PSI canvasser Pinky Rawat says that happens for a simple reason.
PINKY RAWAT, Population Services International (through interpreter):
They hear the word cancer and they say, if I do have cancer, what can I do? They get very scared when they hear cancer.
But even as there's fear of cancer, getting women to the screening was a tough sell. These women complained that they need help for far more mundane health care issues, which no one provides.
My legs hurt all the time. Give me something for my gout.
Many women labor in the field and in households struggling to get by, and they neglect their own health.
SONI GUPTA, Population Services International (through interpreter):
It's affected my own family.
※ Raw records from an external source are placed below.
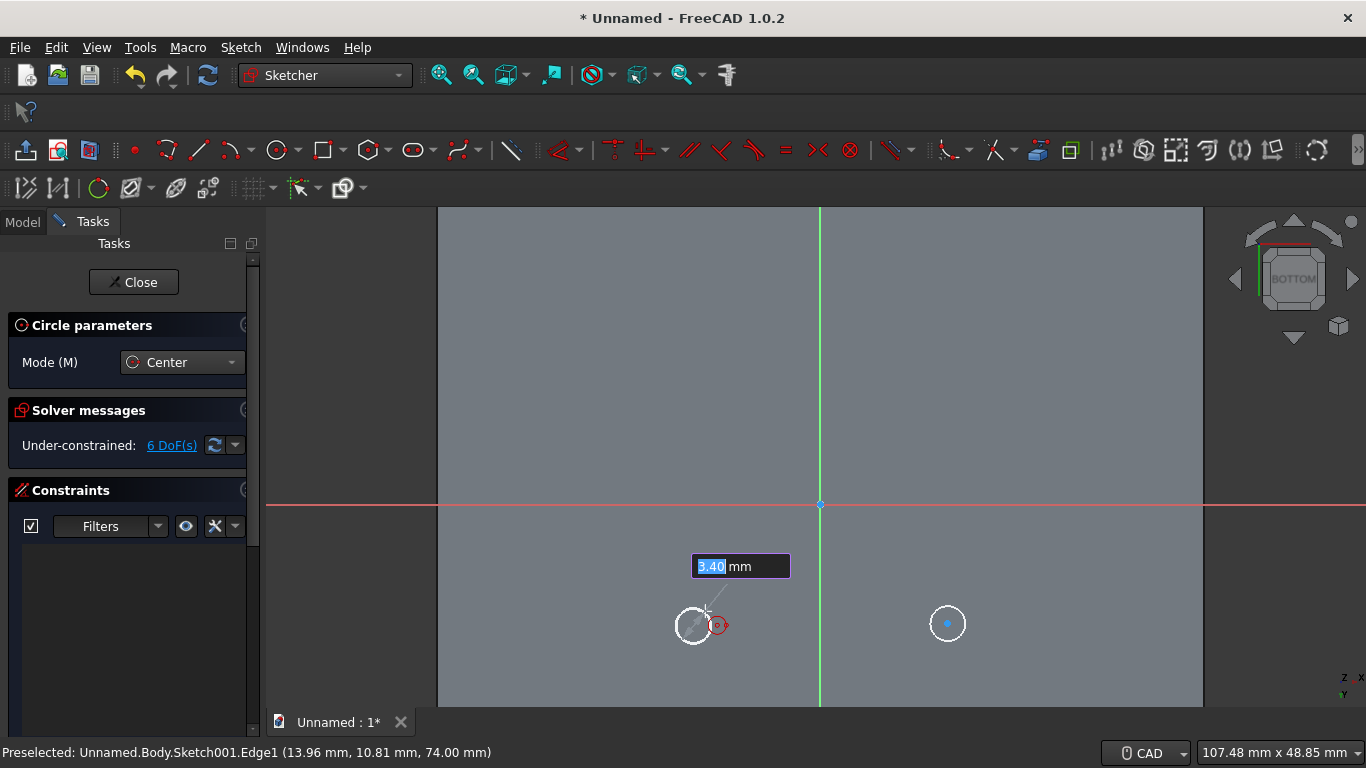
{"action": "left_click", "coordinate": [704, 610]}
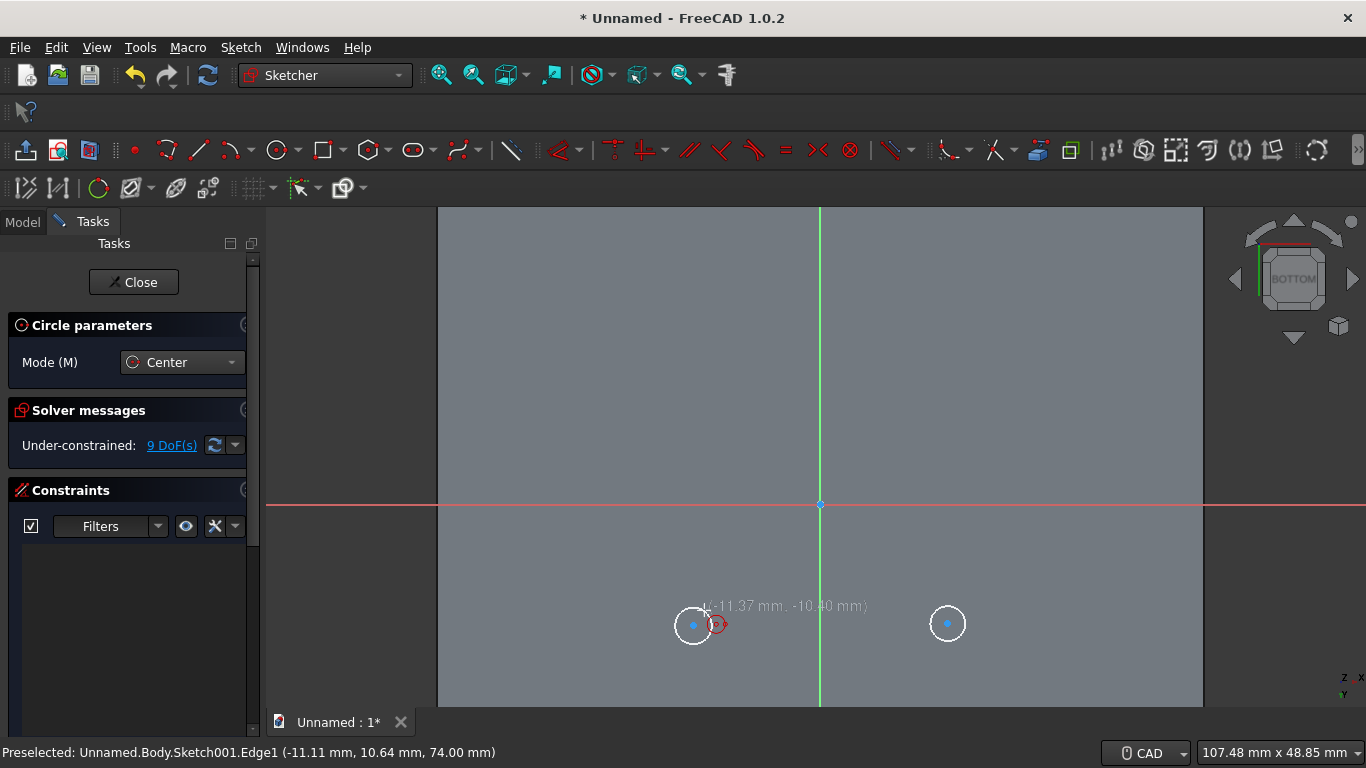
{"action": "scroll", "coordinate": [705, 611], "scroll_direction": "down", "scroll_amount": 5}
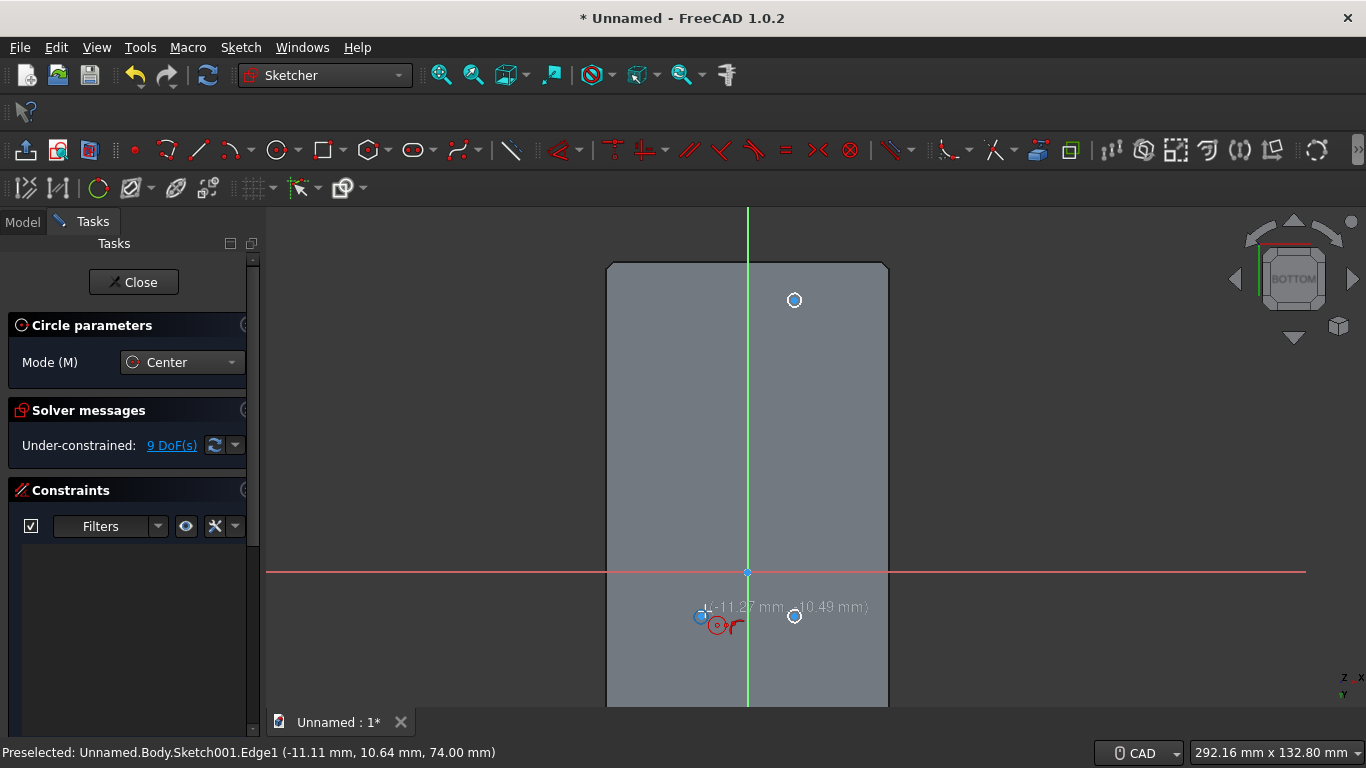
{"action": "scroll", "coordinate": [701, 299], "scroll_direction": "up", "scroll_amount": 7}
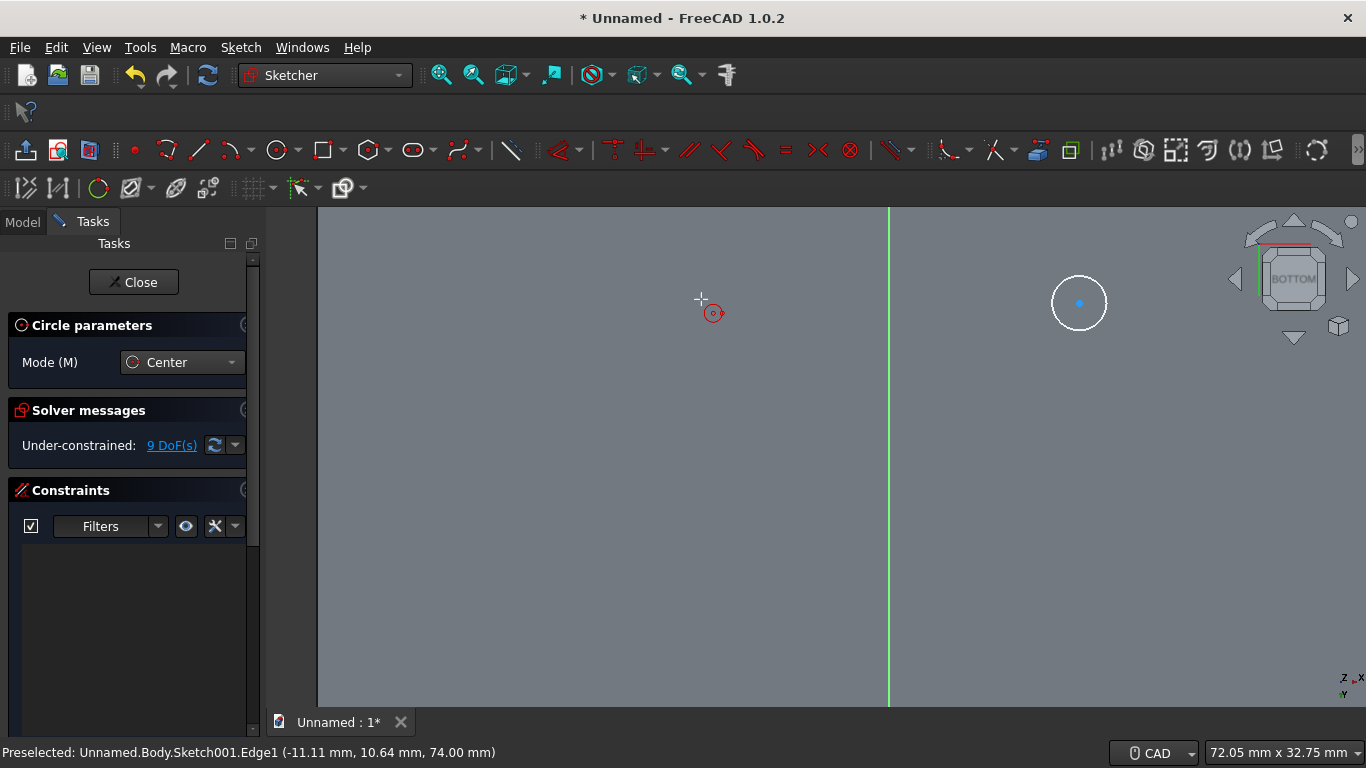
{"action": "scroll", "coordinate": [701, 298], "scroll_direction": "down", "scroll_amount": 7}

It's been three months since my mother died.
PSI worker Soni Gupta says early screening and treatment might have saved her mother, who died from cervical cancer.
SONI GUPTA (through interpreter):
I feel terrible. Even though I work in this field for women, my own mother died.
Of the four women who tested positive for the pre-cancerous lesions, the social workers the next morning were able to find just one willing to go in and get treated.
I'm afraid. I have four children.
It was Kiran Rawat who needed a lot of coaxing and reassurance by a PSI outreach worker.
There's nothing to worry about. It will just take a few minutes. And you have my phone number. You can call me for anything.
A few minutes later, accompanied by her husband, they were on the way to Dr. Smitha Singh's clinic. Soon, the 10-minute procedure was done.
I was afraid at first.
But, today, no problems, right?
WOMAN (through interpreter):
No problem today, but I didn't sleep all night.
The hope is that she will help spread the word and a culture of preventive care, says Dr. Uma Singh.
So, it is like motivating them to go for the checkup for prevention of cancer, for hypertension, for diabetes, for anemia and multiple things. Then you have to ensure that there have to be good facilities.
That much larger job of building a better public health system will take time, but PSI says its screening program is set to scale up. The state government has begun to train workers to offer it in all public health clinics based on results in the pilot, which concluded in January.
Seven thousand cases were positive for the pre-cancerous lesions. About two-thirds of these women had them removed.
For the PBS NewsHour, this is Fred de Sam Lazaro outside Lucknow, India.
Fred's reporting is a partnership with the Under-Told Stories Project at University of St. Thomas in Minnesota.